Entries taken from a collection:
⟨
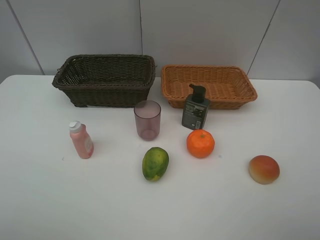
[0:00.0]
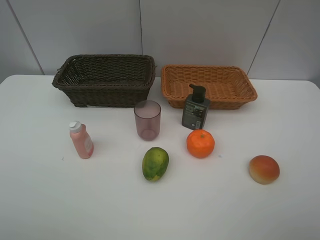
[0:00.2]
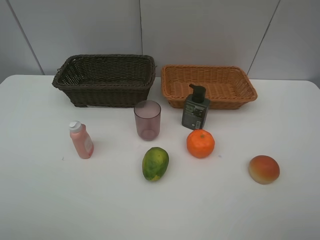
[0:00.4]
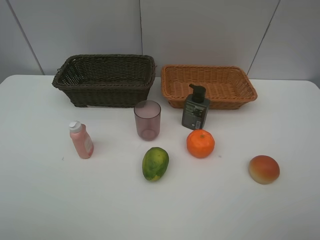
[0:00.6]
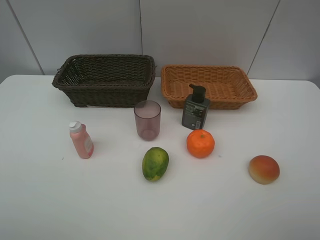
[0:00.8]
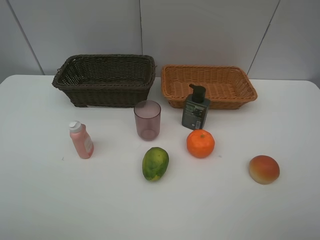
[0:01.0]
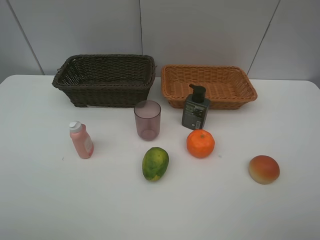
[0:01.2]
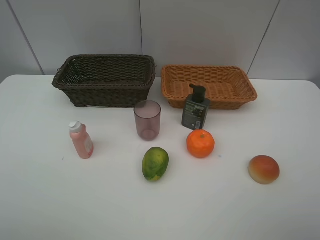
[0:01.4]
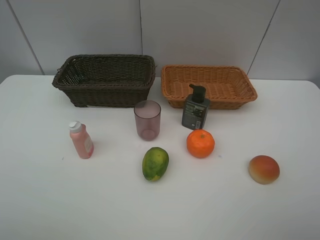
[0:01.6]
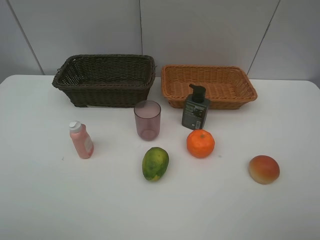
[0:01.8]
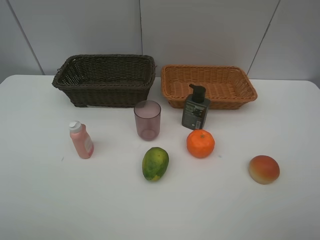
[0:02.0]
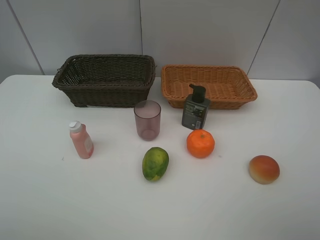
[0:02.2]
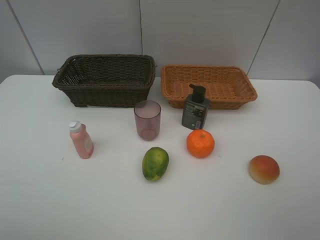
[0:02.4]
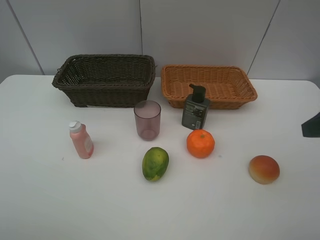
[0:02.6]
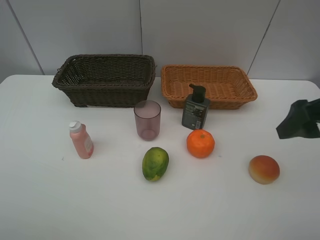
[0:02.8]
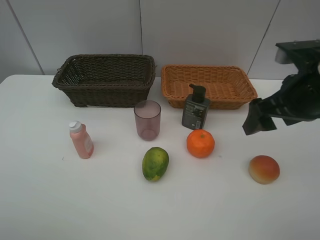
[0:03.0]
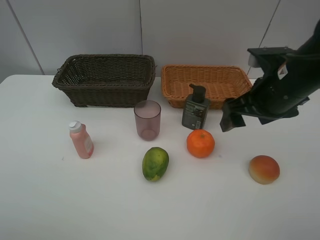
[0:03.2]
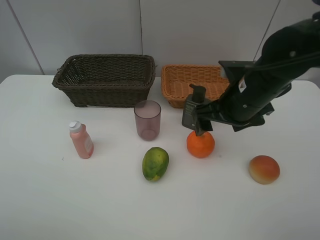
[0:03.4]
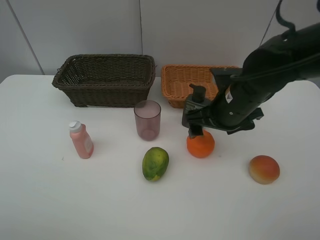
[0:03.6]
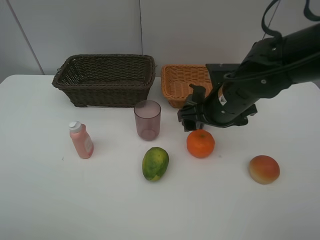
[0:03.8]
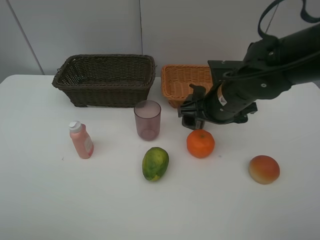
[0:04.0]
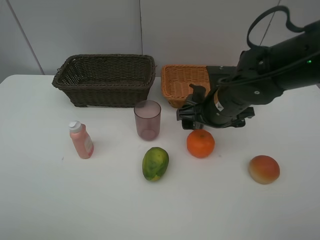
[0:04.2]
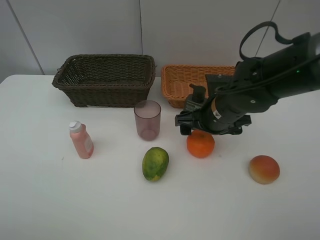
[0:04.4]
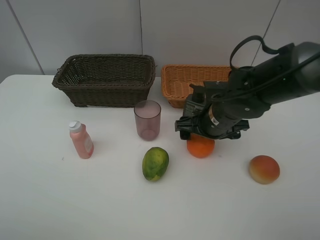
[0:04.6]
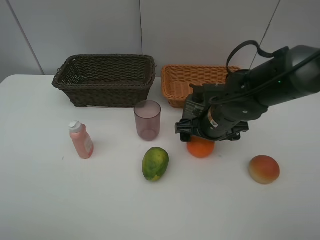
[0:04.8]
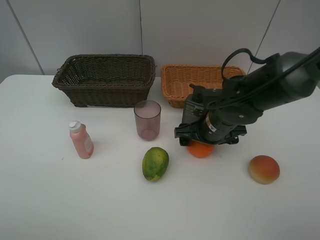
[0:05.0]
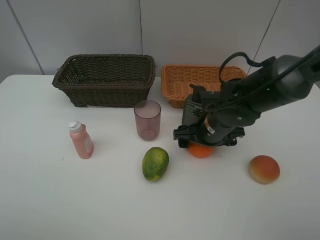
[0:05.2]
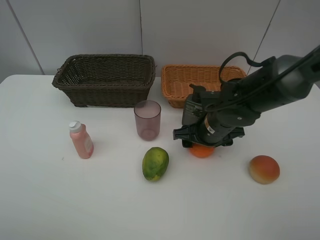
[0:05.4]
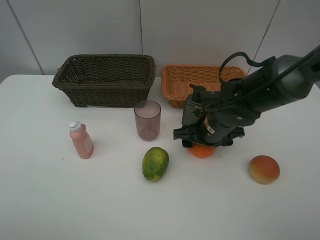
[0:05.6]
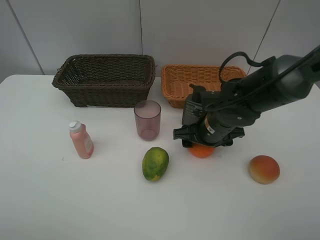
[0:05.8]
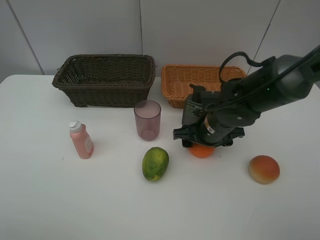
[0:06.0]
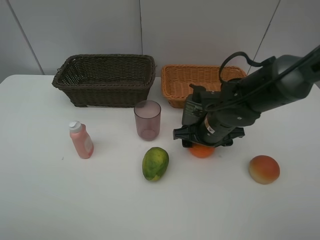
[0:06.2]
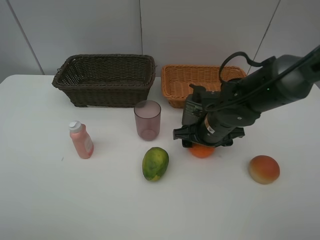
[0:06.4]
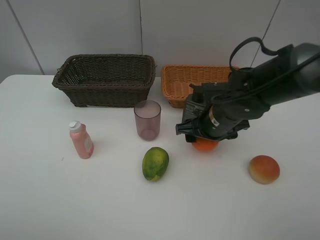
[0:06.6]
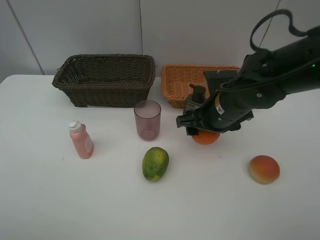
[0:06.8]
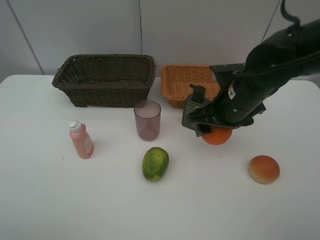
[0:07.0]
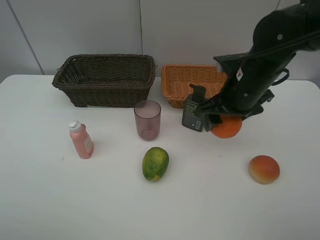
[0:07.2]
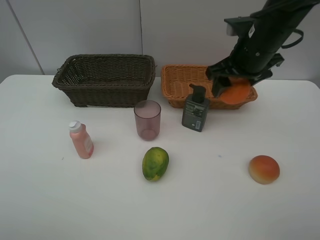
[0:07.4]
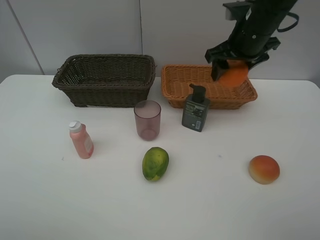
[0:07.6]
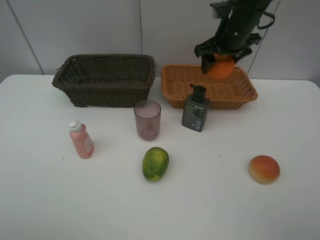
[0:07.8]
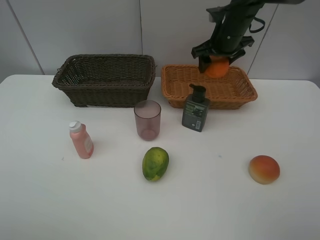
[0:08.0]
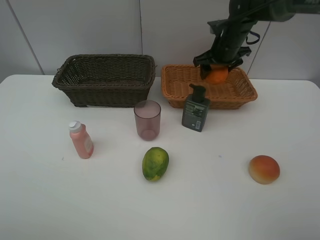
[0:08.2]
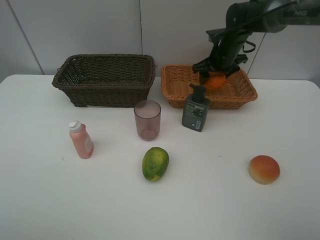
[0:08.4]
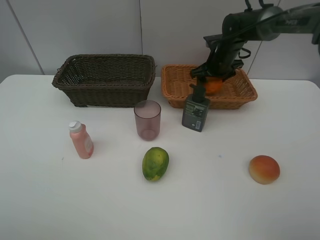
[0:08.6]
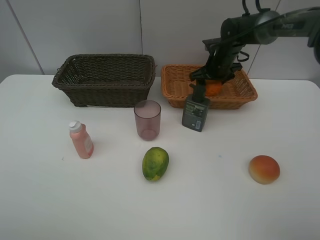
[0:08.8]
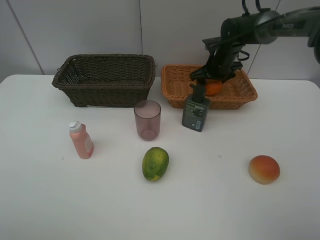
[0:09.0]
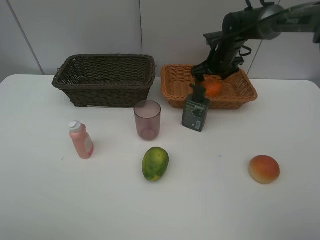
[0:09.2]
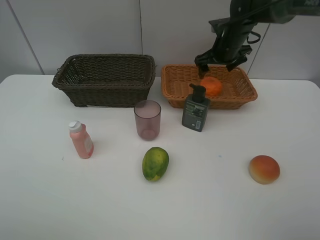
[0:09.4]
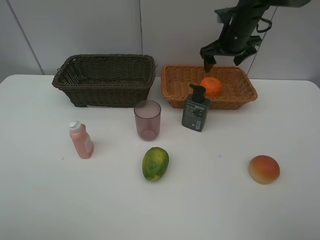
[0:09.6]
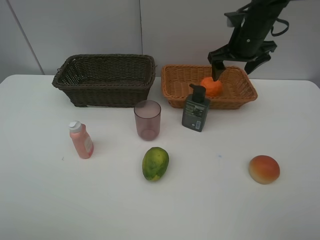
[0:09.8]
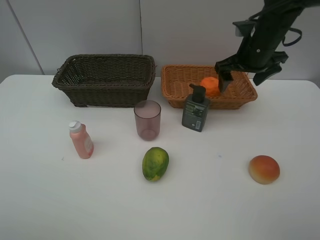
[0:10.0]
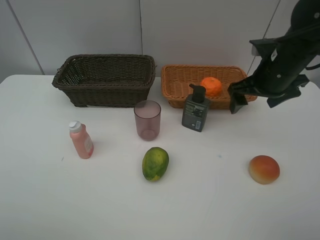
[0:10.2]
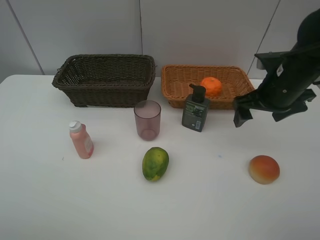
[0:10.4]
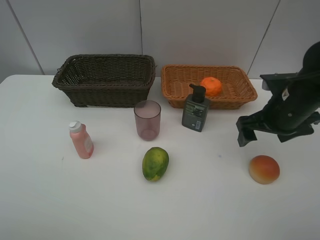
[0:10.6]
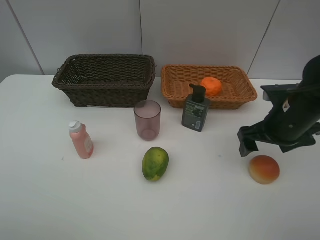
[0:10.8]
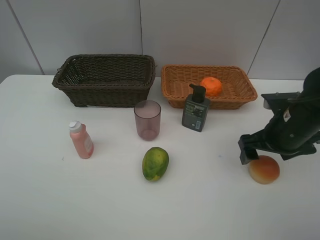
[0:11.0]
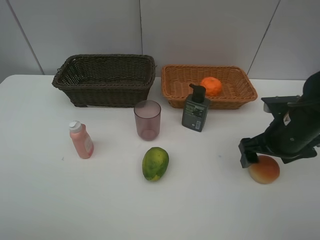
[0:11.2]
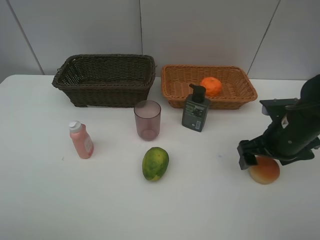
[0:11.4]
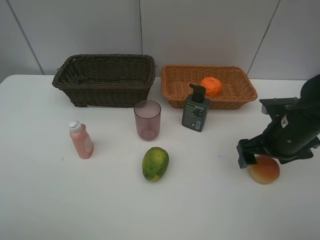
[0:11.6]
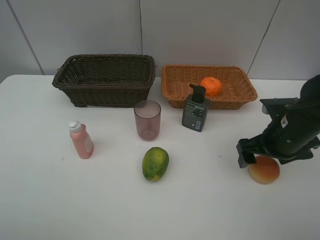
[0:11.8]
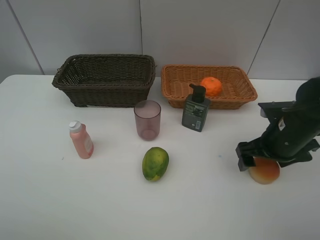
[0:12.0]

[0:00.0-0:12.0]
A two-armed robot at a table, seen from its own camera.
⟩
WHAT YOU HAVE TO DO:
None of the pictures should appear; repeat the records exactly otherwise.

RESULT BELOW:
[0:00.0]
[0:00.2]
[0:00.4]
[0:00.6]
[0:00.8]
[0:01.0]
[0:01.2]
[0:01.4]
[0:01.6]
[0:01.8]
[0:02.0]
[0:02.2]
[0:02.4]
[0:02.6]
[0:02.8]
[0:03.0]
[0:03.2]
[0:03.4]
[0:03.6]
[0:03.8]
[0:04.0]
[0:04.2]
[0:04.4]
[0:04.6]
[0:04.8]
[0:05.0]
[0:05.2]
[0:05.4]
[0:05.6]
[0:05.8]
[0:06.0]
[0:06.2]
[0:06.4]
[0:06.6]
[0:06.8]
[0:07.0]
[0:07.2]
[0:07.4]
[0:07.6]
[0:07.8]
[0:08.0]
[0:08.2]
[0:08.4]
[0:08.6]
[0:08.8]
[0:09.0]
[0:09.2]
[0:09.4]
[0:09.6]
[0:09.8]
[0:10.0]
[0:10.2]
[0:10.4]
[0:10.6]
[0:10.8]
[0:11.0]
[0:11.2]
[0:11.4]
[0:11.6]
[0:11.8]
[0:12.0]

[0:00.0-0:12.0]
A two-armed robot at a table, seen from its own camera.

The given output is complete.